Сгоревший медведь лежал под выцветшей розовой аркой давно разрушенной галереи. Чешуйки краски осыпались, как струпья с пораженной лишаем кожи, открывая потрескавшийся бетон и стальную решетку. Медведь был приметой, которой привидение пользовалось и прежде, от нее до дворика, когда-то приютившего мертвых «астронавтов», оставалось около полумили. У последыша что-то не сложилось с выдыханием пламени, огонь охватил его самого, да так быстро, что медведь остался сидеть на карачках, голый и обуглившийся, похожий на огромную адскую крысу или летучую мышь. Черный череп поблескивал, оказавшись очень узким без мохнатой шерсти, торс состоял из спекшихся костей, иссохшей плоти и пепла. Грозные когти на широких лапах были замечательно белыми, труп так никто и не тронул, опасаясь ловушки. Каждый раз, когда я видела его, он напоминал мне статую: памятник, поставленный из будущего, где Морд единолично правит городом и все ему поклоняются. Если Морокунья не вмешается, мы из Эры Компании плавно войдем в Эру Медведей.
Я пользовалась сгоревшим последышем как ориентиром, прежде чем рискнуть пройти дальше, предварительно убедившись, что поблизости нет отрядов Морокуньи. На этой территории, принадлежавшей либо ей, либо никому, было поспокойнее. Морд правил балом на западе, и Морокунья сменила тактику.

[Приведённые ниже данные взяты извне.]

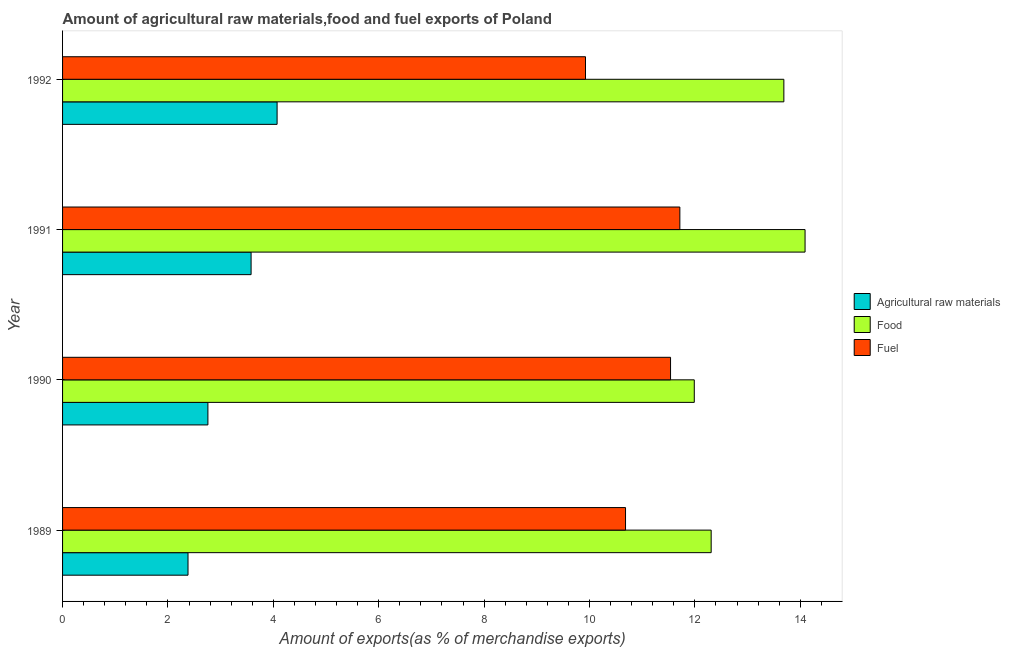How many groups of bars are there?
Provide a succinct answer. 4. What is the label of the 4th group of bars from the top?
Offer a terse response. 1989. In how many cases, is the number of bars for a given year not equal to the number of legend labels?
Offer a very short reply. 0. What is the percentage of fuel exports in 1991?
Give a very brief answer. 11.72. Across all years, what is the maximum percentage of fuel exports?
Your answer should be very brief. 11.72. Across all years, what is the minimum percentage of raw materials exports?
Give a very brief answer. 2.38. In which year was the percentage of fuel exports minimum?
Your answer should be compact. 1992. What is the total percentage of raw materials exports in the graph?
Your answer should be very brief. 12.79. What is the difference between the percentage of raw materials exports in 1989 and that in 1991?
Keep it short and to the point. -1.2. What is the difference between the percentage of food exports in 1991 and the percentage of fuel exports in 1990?
Ensure brevity in your answer.  2.55. What is the average percentage of raw materials exports per year?
Offer a very short reply. 3.2. In the year 1990, what is the difference between the percentage of food exports and percentage of raw materials exports?
Give a very brief answer. 9.23. What is the ratio of the percentage of fuel exports in 1989 to that in 1992?
Your answer should be very brief. 1.08. What is the difference between the highest and the second highest percentage of food exports?
Offer a very short reply. 0.4. What is the difference between the highest and the lowest percentage of fuel exports?
Provide a short and direct response. 1.79. Is the sum of the percentage of raw materials exports in 1989 and 1992 greater than the maximum percentage of food exports across all years?
Offer a terse response. No. What does the 3rd bar from the top in 1992 represents?
Your answer should be very brief. Agricultural raw materials. What does the 2nd bar from the bottom in 1991 represents?
Make the answer very short. Food. How many bars are there?
Your response must be concise. 12. Are all the bars in the graph horizontal?
Offer a very short reply. Yes. How many years are there in the graph?
Ensure brevity in your answer.  4. What is the difference between two consecutive major ticks on the X-axis?
Give a very brief answer. 2. Are the values on the major ticks of X-axis written in scientific E-notation?
Offer a terse response. No. Does the graph contain any zero values?
Your response must be concise. No. Does the graph contain grids?
Keep it short and to the point. No. How are the legend labels stacked?
Offer a very short reply. Vertical. What is the title of the graph?
Your answer should be very brief. Amount of agricultural raw materials,food and fuel exports of Poland. Does "Tertiary education" appear as one of the legend labels in the graph?
Give a very brief answer. No. What is the label or title of the X-axis?
Make the answer very short. Amount of exports(as % of merchandise exports). What is the label or title of the Y-axis?
Ensure brevity in your answer.  Year. What is the Amount of exports(as % of merchandise exports) of Agricultural raw materials in 1989?
Provide a succinct answer. 2.38. What is the Amount of exports(as % of merchandise exports) of Food in 1989?
Make the answer very short. 12.31. What is the Amount of exports(as % of merchandise exports) in Fuel in 1989?
Make the answer very short. 10.68. What is the Amount of exports(as % of merchandise exports) in Agricultural raw materials in 1990?
Ensure brevity in your answer.  2.76. What is the Amount of exports(as % of merchandise exports) of Food in 1990?
Your response must be concise. 11.99. What is the Amount of exports(as % of merchandise exports) of Fuel in 1990?
Your answer should be very brief. 11.54. What is the Amount of exports(as % of merchandise exports) of Agricultural raw materials in 1991?
Provide a succinct answer. 3.58. What is the Amount of exports(as % of merchandise exports) in Food in 1991?
Ensure brevity in your answer.  14.09. What is the Amount of exports(as % of merchandise exports) of Fuel in 1991?
Ensure brevity in your answer.  11.72. What is the Amount of exports(as % of merchandise exports) in Agricultural raw materials in 1992?
Provide a short and direct response. 4.07. What is the Amount of exports(as % of merchandise exports) in Food in 1992?
Give a very brief answer. 13.69. What is the Amount of exports(as % of merchandise exports) of Fuel in 1992?
Provide a short and direct response. 9.92. Across all years, what is the maximum Amount of exports(as % of merchandise exports) of Agricultural raw materials?
Make the answer very short. 4.07. Across all years, what is the maximum Amount of exports(as % of merchandise exports) in Food?
Your answer should be compact. 14.09. Across all years, what is the maximum Amount of exports(as % of merchandise exports) of Fuel?
Offer a very short reply. 11.72. Across all years, what is the minimum Amount of exports(as % of merchandise exports) of Agricultural raw materials?
Your response must be concise. 2.38. Across all years, what is the minimum Amount of exports(as % of merchandise exports) in Food?
Offer a terse response. 11.99. Across all years, what is the minimum Amount of exports(as % of merchandise exports) in Fuel?
Your answer should be compact. 9.92. What is the total Amount of exports(as % of merchandise exports) in Agricultural raw materials in the graph?
Offer a terse response. 12.79. What is the total Amount of exports(as % of merchandise exports) of Food in the graph?
Keep it short and to the point. 52.08. What is the total Amount of exports(as % of merchandise exports) in Fuel in the graph?
Provide a short and direct response. 43.86. What is the difference between the Amount of exports(as % of merchandise exports) in Agricultural raw materials in 1989 and that in 1990?
Provide a short and direct response. -0.38. What is the difference between the Amount of exports(as % of merchandise exports) in Food in 1989 and that in 1990?
Provide a short and direct response. 0.32. What is the difference between the Amount of exports(as % of merchandise exports) in Fuel in 1989 and that in 1990?
Your answer should be very brief. -0.85. What is the difference between the Amount of exports(as % of merchandise exports) of Agricultural raw materials in 1989 and that in 1991?
Provide a short and direct response. -1.2. What is the difference between the Amount of exports(as % of merchandise exports) of Food in 1989 and that in 1991?
Offer a very short reply. -1.78. What is the difference between the Amount of exports(as % of merchandise exports) in Fuel in 1989 and that in 1991?
Offer a very short reply. -1.03. What is the difference between the Amount of exports(as % of merchandise exports) of Agricultural raw materials in 1989 and that in 1992?
Your answer should be compact. -1.69. What is the difference between the Amount of exports(as % of merchandise exports) in Food in 1989 and that in 1992?
Provide a succinct answer. -1.38. What is the difference between the Amount of exports(as % of merchandise exports) of Fuel in 1989 and that in 1992?
Provide a succinct answer. 0.76. What is the difference between the Amount of exports(as % of merchandise exports) in Agricultural raw materials in 1990 and that in 1991?
Your response must be concise. -0.82. What is the difference between the Amount of exports(as % of merchandise exports) in Food in 1990 and that in 1991?
Ensure brevity in your answer.  -2.1. What is the difference between the Amount of exports(as % of merchandise exports) in Fuel in 1990 and that in 1991?
Offer a terse response. -0.18. What is the difference between the Amount of exports(as % of merchandise exports) in Agricultural raw materials in 1990 and that in 1992?
Provide a succinct answer. -1.31. What is the difference between the Amount of exports(as % of merchandise exports) in Food in 1990 and that in 1992?
Give a very brief answer. -1.7. What is the difference between the Amount of exports(as % of merchandise exports) in Fuel in 1990 and that in 1992?
Give a very brief answer. 1.61. What is the difference between the Amount of exports(as % of merchandise exports) in Agricultural raw materials in 1991 and that in 1992?
Ensure brevity in your answer.  -0.49. What is the difference between the Amount of exports(as % of merchandise exports) of Food in 1991 and that in 1992?
Offer a terse response. 0.4. What is the difference between the Amount of exports(as % of merchandise exports) in Fuel in 1991 and that in 1992?
Offer a very short reply. 1.79. What is the difference between the Amount of exports(as % of merchandise exports) of Agricultural raw materials in 1989 and the Amount of exports(as % of merchandise exports) of Food in 1990?
Give a very brief answer. -9.61. What is the difference between the Amount of exports(as % of merchandise exports) in Agricultural raw materials in 1989 and the Amount of exports(as % of merchandise exports) in Fuel in 1990?
Provide a short and direct response. -9.16. What is the difference between the Amount of exports(as % of merchandise exports) in Food in 1989 and the Amount of exports(as % of merchandise exports) in Fuel in 1990?
Provide a succinct answer. 0.77. What is the difference between the Amount of exports(as % of merchandise exports) of Agricultural raw materials in 1989 and the Amount of exports(as % of merchandise exports) of Food in 1991?
Your answer should be very brief. -11.71. What is the difference between the Amount of exports(as % of merchandise exports) of Agricultural raw materials in 1989 and the Amount of exports(as % of merchandise exports) of Fuel in 1991?
Your response must be concise. -9.33. What is the difference between the Amount of exports(as % of merchandise exports) in Food in 1989 and the Amount of exports(as % of merchandise exports) in Fuel in 1991?
Your answer should be very brief. 0.59. What is the difference between the Amount of exports(as % of merchandise exports) of Agricultural raw materials in 1989 and the Amount of exports(as % of merchandise exports) of Food in 1992?
Make the answer very short. -11.31. What is the difference between the Amount of exports(as % of merchandise exports) of Agricultural raw materials in 1989 and the Amount of exports(as % of merchandise exports) of Fuel in 1992?
Offer a terse response. -7.54. What is the difference between the Amount of exports(as % of merchandise exports) in Food in 1989 and the Amount of exports(as % of merchandise exports) in Fuel in 1992?
Provide a succinct answer. 2.38. What is the difference between the Amount of exports(as % of merchandise exports) of Agricultural raw materials in 1990 and the Amount of exports(as % of merchandise exports) of Food in 1991?
Your answer should be compact. -11.33. What is the difference between the Amount of exports(as % of merchandise exports) of Agricultural raw materials in 1990 and the Amount of exports(as % of merchandise exports) of Fuel in 1991?
Offer a terse response. -8.96. What is the difference between the Amount of exports(as % of merchandise exports) of Food in 1990 and the Amount of exports(as % of merchandise exports) of Fuel in 1991?
Provide a short and direct response. 0.27. What is the difference between the Amount of exports(as % of merchandise exports) in Agricultural raw materials in 1990 and the Amount of exports(as % of merchandise exports) in Food in 1992?
Give a very brief answer. -10.93. What is the difference between the Amount of exports(as % of merchandise exports) of Agricultural raw materials in 1990 and the Amount of exports(as % of merchandise exports) of Fuel in 1992?
Provide a succinct answer. -7.17. What is the difference between the Amount of exports(as % of merchandise exports) in Food in 1990 and the Amount of exports(as % of merchandise exports) in Fuel in 1992?
Offer a terse response. 2.06. What is the difference between the Amount of exports(as % of merchandise exports) in Agricultural raw materials in 1991 and the Amount of exports(as % of merchandise exports) in Food in 1992?
Provide a short and direct response. -10.11. What is the difference between the Amount of exports(as % of merchandise exports) in Agricultural raw materials in 1991 and the Amount of exports(as % of merchandise exports) in Fuel in 1992?
Provide a succinct answer. -6.35. What is the difference between the Amount of exports(as % of merchandise exports) in Food in 1991 and the Amount of exports(as % of merchandise exports) in Fuel in 1992?
Your response must be concise. 4.17. What is the average Amount of exports(as % of merchandise exports) of Agricultural raw materials per year?
Give a very brief answer. 3.2. What is the average Amount of exports(as % of merchandise exports) of Food per year?
Keep it short and to the point. 13.02. What is the average Amount of exports(as % of merchandise exports) of Fuel per year?
Give a very brief answer. 10.97. In the year 1989, what is the difference between the Amount of exports(as % of merchandise exports) in Agricultural raw materials and Amount of exports(as % of merchandise exports) in Food?
Offer a very short reply. -9.93. In the year 1989, what is the difference between the Amount of exports(as % of merchandise exports) of Agricultural raw materials and Amount of exports(as % of merchandise exports) of Fuel?
Your answer should be compact. -8.3. In the year 1989, what is the difference between the Amount of exports(as % of merchandise exports) in Food and Amount of exports(as % of merchandise exports) in Fuel?
Provide a succinct answer. 1.63. In the year 1990, what is the difference between the Amount of exports(as % of merchandise exports) of Agricultural raw materials and Amount of exports(as % of merchandise exports) of Food?
Provide a succinct answer. -9.23. In the year 1990, what is the difference between the Amount of exports(as % of merchandise exports) of Agricultural raw materials and Amount of exports(as % of merchandise exports) of Fuel?
Provide a short and direct response. -8.78. In the year 1990, what is the difference between the Amount of exports(as % of merchandise exports) of Food and Amount of exports(as % of merchandise exports) of Fuel?
Offer a very short reply. 0.45. In the year 1991, what is the difference between the Amount of exports(as % of merchandise exports) in Agricultural raw materials and Amount of exports(as % of merchandise exports) in Food?
Provide a short and direct response. -10.51. In the year 1991, what is the difference between the Amount of exports(as % of merchandise exports) of Agricultural raw materials and Amount of exports(as % of merchandise exports) of Fuel?
Provide a succinct answer. -8.14. In the year 1991, what is the difference between the Amount of exports(as % of merchandise exports) in Food and Amount of exports(as % of merchandise exports) in Fuel?
Provide a short and direct response. 2.38. In the year 1992, what is the difference between the Amount of exports(as % of merchandise exports) of Agricultural raw materials and Amount of exports(as % of merchandise exports) of Food?
Offer a terse response. -9.62. In the year 1992, what is the difference between the Amount of exports(as % of merchandise exports) of Agricultural raw materials and Amount of exports(as % of merchandise exports) of Fuel?
Provide a short and direct response. -5.85. In the year 1992, what is the difference between the Amount of exports(as % of merchandise exports) in Food and Amount of exports(as % of merchandise exports) in Fuel?
Your response must be concise. 3.76. What is the ratio of the Amount of exports(as % of merchandise exports) in Agricultural raw materials in 1989 to that in 1990?
Give a very brief answer. 0.86. What is the ratio of the Amount of exports(as % of merchandise exports) of Food in 1989 to that in 1990?
Keep it short and to the point. 1.03. What is the ratio of the Amount of exports(as % of merchandise exports) in Fuel in 1989 to that in 1990?
Make the answer very short. 0.93. What is the ratio of the Amount of exports(as % of merchandise exports) in Agricultural raw materials in 1989 to that in 1991?
Offer a terse response. 0.67. What is the ratio of the Amount of exports(as % of merchandise exports) in Food in 1989 to that in 1991?
Offer a very short reply. 0.87. What is the ratio of the Amount of exports(as % of merchandise exports) in Fuel in 1989 to that in 1991?
Provide a short and direct response. 0.91. What is the ratio of the Amount of exports(as % of merchandise exports) of Agricultural raw materials in 1989 to that in 1992?
Make the answer very short. 0.58. What is the ratio of the Amount of exports(as % of merchandise exports) of Food in 1989 to that in 1992?
Provide a short and direct response. 0.9. What is the ratio of the Amount of exports(as % of merchandise exports) in Fuel in 1989 to that in 1992?
Provide a short and direct response. 1.08. What is the ratio of the Amount of exports(as % of merchandise exports) in Agricultural raw materials in 1990 to that in 1991?
Provide a short and direct response. 0.77. What is the ratio of the Amount of exports(as % of merchandise exports) in Food in 1990 to that in 1991?
Offer a very short reply. 0.85. What is the ratio of the Amount of exports(as % of merchandise exports) in Fuel in 1990 to that in 1991?
Your answer should be very brief. 0.98. What is the ratio of the Amount of exports(as % of merchandise exports) in Agricultural raw materials in 1990 to that in 1992?
Offer a very short reply. 0.68. What is the ratio of the Amount of exports(as % of merchandise exports) of Food in 1990 to that in 1992?
Your answer should be compact. 0.88. What is the ratio of the Amount of exports(as % of merchandise exports) in Fuel in 1990 to that in 1992?
Keep it short and to the point. 1.16. What is the ratio of the Amount of exports(as % of merchandise exports) in Agricultural raw materials in 1991 to that in 1992?
Provide a succinct answer. 0.88. What is the ratio of the Amount of exports(as % of merchandise exports) in Food in 1991 to that in 1992?
Provide a succinct answer. 1.03. What is the ratio of the Amount of exports(as % of merchandise exports) of Fuel in 1991 to that in 1992?
Provide a short and direct response. 1.18. What is the difference between the highest and the second highest Amount of exports(as % of merchandise exports) of Agricultural raw materials?
Your answer should be very brief. 0.49. What is the difference between the highest and the second highest Amount of exports(as % of merchandise exports) of Food?
Keep it short and to the point. 0.4. What is the difference between the highest and the second highest Amount of exports(as % of merchandise exports) of Fuel?
Provide a succinct answer. 0.18. What is the difference between the highest and the lowest Amount of exports(as % of merchandise exports) of Agricultural raw materials?
Your response must be concise. 1.69. What is the difference between the highest and the lowest Amount of exports(as % of merchandise exports) of Food?
Keep it short and to the point. 2.1. What is the difference between the highest and the lowest Amount of exports(as % of merchandise exports) of Fuel?
Provide a short and direct response. 1.79.

Привидение скользнуло по ночному двору, миновав горстку бормочущих теней, и направилось к заброшенному, дочиста разграбленному магазину, с древней, давным-давно нечитаемой вывеской. Я взобралась по лестнице на стене. Лестница была новой и блестящей, привидение усмехнулось. Такая примитивная ловушка была своего рода шуткой, нарочно оставленной тем, кто убивал или захватывал здешних трапперов. Как и следовало ожидать, на крыше ничего не было, кроме безопасного прохода и легкого ветерка. Луна то ли легла спать, то ли скончалась, а на звезды я смотреть не могла без того, чтобы не вспомнить о Борне.